My role in the Namibia project during the internship largely consisted in creating a new dataset using Namibia’s trade data to identify and compare the two approaches to industrial diversification. Based on Klinger et al (2008), I worked on the analysis, refined it with members of the team and external experts, and then presented my work to the counterparts. My findings were used in the policy recommendations made by the Growth Lab team to the Government of Namibia.

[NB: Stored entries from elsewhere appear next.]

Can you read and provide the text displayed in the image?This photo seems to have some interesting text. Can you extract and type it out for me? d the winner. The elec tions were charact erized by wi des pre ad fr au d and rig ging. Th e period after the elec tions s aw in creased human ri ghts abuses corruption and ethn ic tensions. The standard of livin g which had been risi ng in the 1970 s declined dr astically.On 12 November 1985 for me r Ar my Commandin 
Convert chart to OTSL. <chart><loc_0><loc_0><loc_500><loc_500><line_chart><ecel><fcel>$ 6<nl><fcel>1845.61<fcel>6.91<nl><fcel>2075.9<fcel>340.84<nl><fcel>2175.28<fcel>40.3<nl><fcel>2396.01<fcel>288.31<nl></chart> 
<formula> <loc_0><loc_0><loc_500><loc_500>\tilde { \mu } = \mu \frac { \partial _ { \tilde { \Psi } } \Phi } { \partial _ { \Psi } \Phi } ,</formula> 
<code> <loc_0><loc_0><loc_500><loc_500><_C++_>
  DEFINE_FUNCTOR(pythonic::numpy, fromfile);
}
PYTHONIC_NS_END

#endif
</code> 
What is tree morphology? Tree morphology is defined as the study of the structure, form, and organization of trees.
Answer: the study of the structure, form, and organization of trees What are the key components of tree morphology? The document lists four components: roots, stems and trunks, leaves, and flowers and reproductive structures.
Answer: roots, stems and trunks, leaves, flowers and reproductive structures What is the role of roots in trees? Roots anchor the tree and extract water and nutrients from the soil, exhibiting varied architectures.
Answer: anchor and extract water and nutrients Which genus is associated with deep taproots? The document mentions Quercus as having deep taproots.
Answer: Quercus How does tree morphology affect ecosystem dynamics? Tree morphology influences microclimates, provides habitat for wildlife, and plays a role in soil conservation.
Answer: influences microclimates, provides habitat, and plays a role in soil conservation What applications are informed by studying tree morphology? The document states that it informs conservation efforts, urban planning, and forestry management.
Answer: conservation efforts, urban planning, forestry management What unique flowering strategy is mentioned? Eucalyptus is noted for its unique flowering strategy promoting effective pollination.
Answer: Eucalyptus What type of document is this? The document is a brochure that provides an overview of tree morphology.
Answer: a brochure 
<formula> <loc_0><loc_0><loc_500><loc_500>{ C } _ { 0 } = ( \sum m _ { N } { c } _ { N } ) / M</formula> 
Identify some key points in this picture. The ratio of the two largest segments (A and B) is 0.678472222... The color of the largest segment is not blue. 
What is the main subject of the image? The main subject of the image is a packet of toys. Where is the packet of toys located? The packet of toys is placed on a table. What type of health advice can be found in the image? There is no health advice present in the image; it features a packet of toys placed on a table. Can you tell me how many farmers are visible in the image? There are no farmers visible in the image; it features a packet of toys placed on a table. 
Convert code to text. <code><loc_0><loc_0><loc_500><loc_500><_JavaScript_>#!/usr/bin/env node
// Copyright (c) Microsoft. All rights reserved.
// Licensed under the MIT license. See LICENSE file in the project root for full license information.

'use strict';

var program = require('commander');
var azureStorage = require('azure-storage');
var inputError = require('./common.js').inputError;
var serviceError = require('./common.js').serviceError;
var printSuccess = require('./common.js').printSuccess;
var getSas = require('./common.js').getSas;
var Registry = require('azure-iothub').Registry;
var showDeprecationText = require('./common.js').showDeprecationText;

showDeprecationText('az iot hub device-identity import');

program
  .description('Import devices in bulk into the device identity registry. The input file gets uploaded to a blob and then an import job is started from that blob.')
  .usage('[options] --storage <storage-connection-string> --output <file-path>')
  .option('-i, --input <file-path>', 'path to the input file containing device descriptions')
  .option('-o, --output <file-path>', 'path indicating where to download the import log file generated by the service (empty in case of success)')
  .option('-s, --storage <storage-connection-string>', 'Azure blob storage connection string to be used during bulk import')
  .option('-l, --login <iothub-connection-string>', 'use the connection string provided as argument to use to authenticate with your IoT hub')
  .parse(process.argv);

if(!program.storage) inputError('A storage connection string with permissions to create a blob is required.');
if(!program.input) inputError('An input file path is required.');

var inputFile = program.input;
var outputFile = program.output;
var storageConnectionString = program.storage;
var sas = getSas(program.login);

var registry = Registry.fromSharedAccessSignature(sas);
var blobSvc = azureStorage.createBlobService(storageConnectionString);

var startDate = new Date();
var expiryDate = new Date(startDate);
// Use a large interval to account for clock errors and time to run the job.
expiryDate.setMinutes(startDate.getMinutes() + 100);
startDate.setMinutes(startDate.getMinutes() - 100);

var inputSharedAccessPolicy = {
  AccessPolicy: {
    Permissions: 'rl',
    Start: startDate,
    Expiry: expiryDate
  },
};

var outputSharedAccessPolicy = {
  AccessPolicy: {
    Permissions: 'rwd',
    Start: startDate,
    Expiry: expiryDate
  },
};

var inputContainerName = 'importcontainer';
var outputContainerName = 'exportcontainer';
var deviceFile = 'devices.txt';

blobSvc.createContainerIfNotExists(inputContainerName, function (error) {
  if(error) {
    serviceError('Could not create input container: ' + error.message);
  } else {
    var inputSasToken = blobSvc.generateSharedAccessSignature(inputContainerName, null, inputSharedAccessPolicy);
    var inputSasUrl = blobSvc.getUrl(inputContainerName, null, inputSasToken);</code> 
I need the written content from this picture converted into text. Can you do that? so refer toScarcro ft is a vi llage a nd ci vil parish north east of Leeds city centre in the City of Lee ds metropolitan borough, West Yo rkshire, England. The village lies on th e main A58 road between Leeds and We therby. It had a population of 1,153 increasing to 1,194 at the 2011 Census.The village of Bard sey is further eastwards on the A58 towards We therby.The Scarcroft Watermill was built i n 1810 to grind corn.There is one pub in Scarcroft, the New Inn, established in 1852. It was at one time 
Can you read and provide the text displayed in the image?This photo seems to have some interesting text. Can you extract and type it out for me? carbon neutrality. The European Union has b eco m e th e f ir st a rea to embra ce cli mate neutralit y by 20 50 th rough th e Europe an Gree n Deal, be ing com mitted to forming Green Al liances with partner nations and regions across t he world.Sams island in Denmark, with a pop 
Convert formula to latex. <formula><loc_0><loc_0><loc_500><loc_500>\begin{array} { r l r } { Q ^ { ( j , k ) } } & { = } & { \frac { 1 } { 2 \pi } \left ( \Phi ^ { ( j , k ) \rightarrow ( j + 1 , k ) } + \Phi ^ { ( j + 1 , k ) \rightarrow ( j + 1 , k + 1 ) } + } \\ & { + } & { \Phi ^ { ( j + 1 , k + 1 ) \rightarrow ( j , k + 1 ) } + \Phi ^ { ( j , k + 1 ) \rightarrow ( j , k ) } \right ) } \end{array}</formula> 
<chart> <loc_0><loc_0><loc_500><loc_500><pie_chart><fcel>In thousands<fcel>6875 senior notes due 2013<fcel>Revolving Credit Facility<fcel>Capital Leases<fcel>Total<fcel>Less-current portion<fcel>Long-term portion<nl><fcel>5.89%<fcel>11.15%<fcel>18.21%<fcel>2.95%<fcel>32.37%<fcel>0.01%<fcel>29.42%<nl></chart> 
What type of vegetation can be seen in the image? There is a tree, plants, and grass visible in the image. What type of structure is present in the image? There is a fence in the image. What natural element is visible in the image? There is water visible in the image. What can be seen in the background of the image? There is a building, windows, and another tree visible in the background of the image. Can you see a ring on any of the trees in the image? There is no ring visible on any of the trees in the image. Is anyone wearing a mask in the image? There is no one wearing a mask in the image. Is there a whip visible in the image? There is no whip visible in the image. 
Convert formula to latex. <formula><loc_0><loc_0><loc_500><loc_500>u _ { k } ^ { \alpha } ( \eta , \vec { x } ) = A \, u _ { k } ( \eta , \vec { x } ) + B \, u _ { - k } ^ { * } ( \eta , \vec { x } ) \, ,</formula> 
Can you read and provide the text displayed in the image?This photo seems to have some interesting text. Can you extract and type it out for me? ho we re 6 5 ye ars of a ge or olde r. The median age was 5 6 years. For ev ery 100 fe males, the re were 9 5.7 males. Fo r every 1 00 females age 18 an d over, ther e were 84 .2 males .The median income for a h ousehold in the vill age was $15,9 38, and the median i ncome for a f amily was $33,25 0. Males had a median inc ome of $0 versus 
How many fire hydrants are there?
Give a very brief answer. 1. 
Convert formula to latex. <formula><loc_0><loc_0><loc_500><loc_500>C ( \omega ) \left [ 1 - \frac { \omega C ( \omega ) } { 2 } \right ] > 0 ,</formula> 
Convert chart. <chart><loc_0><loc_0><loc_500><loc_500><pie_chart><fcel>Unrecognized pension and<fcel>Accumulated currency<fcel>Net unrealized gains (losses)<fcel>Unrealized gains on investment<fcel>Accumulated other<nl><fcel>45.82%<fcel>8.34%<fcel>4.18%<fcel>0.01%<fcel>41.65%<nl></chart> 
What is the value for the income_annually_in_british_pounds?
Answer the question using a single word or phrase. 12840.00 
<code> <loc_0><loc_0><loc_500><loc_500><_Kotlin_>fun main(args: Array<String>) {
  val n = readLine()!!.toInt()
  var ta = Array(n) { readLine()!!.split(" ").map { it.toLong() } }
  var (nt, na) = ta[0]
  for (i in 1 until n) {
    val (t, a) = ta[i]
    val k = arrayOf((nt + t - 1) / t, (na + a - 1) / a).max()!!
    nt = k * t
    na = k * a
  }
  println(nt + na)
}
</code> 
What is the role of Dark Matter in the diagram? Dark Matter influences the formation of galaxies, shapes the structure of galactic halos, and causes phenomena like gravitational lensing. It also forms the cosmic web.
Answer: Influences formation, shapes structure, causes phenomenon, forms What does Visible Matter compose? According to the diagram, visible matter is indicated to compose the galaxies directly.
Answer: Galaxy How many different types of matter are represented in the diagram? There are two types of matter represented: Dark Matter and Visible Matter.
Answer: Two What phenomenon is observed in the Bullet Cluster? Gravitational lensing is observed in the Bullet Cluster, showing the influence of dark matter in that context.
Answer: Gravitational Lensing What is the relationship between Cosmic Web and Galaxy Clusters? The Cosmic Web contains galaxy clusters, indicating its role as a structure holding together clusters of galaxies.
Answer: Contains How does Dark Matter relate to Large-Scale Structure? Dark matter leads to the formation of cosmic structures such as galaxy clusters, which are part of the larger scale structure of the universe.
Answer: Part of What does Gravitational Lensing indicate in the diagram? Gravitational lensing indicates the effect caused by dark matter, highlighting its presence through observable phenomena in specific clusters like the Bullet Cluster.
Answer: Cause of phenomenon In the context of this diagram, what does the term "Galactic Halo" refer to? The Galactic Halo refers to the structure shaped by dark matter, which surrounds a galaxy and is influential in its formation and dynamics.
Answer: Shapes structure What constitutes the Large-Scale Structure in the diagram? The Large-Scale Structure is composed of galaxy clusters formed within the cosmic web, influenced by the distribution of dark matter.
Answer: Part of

These are just a few highlights of what I learned:

  • Analysis is a stronger piece of evidence than intuitive arguments: During my internship, I helped advance the agenda by identifying the top 50 industries that should be prioritized following a beneficiation strategy, and preparing a graph that contrasted them vis-à-vis the industries identified in the economic complexity report within the same product space. The graph showed how beneficiation is "as good as random": the prioritized industries require different sets of capabilities and can differ greatly from Namibia’s existing industries. The visual contrast between both strategies made a stronger point than any theoretical discussion.
     
  • History matters, context matters, and public perception matters:  In the MPA/ID program, we learn that policies are not just about what is technically correct. One must take into account political and administrative feasibility. Given the historically salient role of beneficiation in the country, and in the broader South African Development Community, it was politically complex to expect a full shift out from beneficiation, so the team proposed a “middle ground” strategy: following capabilities first, then beneficiating if that's in the optimal set. Some products in the plastics and rubbers product group fit these criteria since they were both directly downstream and in line with the existing set of capabilities.
     
  • It matters not only when assessing policy recommendations, but also when thinking about the messages we want to convey: In Namibia, the Growth Lab recognized that we were outsiders to the country and that our message could be perceived as though we believed that the country was not capable of adding value to its existing industries. Thus, we looked for examples of industries where Namibia currently adds value to imported products (i.e., copper) to make the point that we do believe they are able to add value, but that it did not necessarily have to be to domestic products.
     
  • Every good idea on paper leads to a lot of effort to implement them in order for them to materialize: Many policy recommendations sound reasonable on paper but fail to delve into how policymakers can actually “make it happen” given the existing organizational capacity and institutional setup. To address this natural gap in going from ideas to action, the Growth Lab facilitated the introduction of productivity taskforces and developed a framework of best practices to show how policymaking could be implemented to reduce coordination failures that constrain diversification efforts. As part of this process, we met with counterparts in the GoN to first understand similar efforts in the past to set up such taskforces and we incorporated those learnings into our recommendations.
     
  • You cannot pursue single policies in isolation of other policy priorities. They have to complement each other. Fiscal sustainability and industrial policy had to go hand-in-hand: While diversification is a way of addressing Namibia’s growth and inclusion challenges, the team was also very aware of the fiscal constraints that the GoN currently faces. To that end, we argued that a beneficiation strategy was likely to require more fiscal resources given the big push needed to develop new capabilities. Similarly, a key best practice for the implementation of productivity taskforces is that they should not focus on measures that increase profits for firms (i.e., tax benefits), but on measures that help increase overall productivity.